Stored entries
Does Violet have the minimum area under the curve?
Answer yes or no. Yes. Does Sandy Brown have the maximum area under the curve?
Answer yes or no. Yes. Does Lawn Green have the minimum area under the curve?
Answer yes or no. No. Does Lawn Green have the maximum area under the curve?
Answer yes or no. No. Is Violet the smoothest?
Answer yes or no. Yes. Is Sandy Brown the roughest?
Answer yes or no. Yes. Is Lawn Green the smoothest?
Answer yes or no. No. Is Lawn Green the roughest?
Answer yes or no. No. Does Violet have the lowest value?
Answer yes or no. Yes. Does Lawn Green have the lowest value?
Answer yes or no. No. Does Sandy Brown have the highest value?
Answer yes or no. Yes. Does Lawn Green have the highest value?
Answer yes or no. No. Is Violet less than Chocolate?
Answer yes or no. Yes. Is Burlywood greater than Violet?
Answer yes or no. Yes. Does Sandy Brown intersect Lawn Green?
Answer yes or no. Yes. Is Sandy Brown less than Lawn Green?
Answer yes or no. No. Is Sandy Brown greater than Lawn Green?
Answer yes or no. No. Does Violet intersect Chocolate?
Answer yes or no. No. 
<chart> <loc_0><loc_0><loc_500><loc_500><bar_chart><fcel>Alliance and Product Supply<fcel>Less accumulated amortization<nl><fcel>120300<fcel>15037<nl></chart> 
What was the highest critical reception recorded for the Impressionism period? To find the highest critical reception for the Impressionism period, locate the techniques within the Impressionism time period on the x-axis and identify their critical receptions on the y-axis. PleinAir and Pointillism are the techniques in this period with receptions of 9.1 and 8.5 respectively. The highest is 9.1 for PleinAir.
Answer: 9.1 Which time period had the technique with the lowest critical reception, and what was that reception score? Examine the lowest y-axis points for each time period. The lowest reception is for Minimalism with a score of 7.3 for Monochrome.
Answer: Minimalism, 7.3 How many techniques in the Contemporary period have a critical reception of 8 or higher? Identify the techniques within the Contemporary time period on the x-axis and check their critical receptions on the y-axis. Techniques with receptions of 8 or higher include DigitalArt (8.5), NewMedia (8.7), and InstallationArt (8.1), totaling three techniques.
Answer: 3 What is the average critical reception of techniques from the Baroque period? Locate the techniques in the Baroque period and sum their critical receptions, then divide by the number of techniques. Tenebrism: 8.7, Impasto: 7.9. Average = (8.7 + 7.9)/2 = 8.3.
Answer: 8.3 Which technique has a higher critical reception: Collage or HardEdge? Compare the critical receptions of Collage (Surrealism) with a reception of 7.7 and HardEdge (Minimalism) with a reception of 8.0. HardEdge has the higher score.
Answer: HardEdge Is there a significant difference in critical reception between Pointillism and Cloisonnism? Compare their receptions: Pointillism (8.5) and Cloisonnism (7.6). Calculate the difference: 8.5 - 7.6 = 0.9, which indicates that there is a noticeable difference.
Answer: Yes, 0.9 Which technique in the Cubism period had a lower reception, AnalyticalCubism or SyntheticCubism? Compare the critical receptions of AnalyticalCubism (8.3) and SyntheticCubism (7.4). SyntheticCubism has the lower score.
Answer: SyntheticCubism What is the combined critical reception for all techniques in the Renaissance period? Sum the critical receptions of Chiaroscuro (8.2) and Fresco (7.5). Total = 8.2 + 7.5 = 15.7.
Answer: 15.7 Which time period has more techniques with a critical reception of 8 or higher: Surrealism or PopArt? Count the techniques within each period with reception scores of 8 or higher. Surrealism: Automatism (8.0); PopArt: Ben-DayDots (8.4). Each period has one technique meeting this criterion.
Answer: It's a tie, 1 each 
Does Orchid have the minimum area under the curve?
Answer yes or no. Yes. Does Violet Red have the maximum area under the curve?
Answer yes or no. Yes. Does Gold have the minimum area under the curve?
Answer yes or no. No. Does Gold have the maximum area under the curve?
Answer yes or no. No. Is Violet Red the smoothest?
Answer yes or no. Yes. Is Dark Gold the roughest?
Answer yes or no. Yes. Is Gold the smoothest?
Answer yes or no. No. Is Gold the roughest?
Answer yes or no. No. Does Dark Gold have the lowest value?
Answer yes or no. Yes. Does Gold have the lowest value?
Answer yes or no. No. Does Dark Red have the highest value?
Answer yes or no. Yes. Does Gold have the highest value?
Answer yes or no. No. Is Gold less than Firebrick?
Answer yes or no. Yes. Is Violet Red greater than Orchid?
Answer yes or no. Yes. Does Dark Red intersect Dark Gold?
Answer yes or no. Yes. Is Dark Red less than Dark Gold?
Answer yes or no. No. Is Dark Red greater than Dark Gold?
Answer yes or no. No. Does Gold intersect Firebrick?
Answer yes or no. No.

## Activity
From the data above, copy out every line with the string "roughest" in it.

## Solution to the exercise
Answer yes or no. Yes. Is Sandy Brown the roughest?
Answer yes or no. No. Is Lawn Green the roughest?
Answer yes or no. Yes. Is Dark Gold the roughest?
Answer yes or no. No. Is Gold the roughest?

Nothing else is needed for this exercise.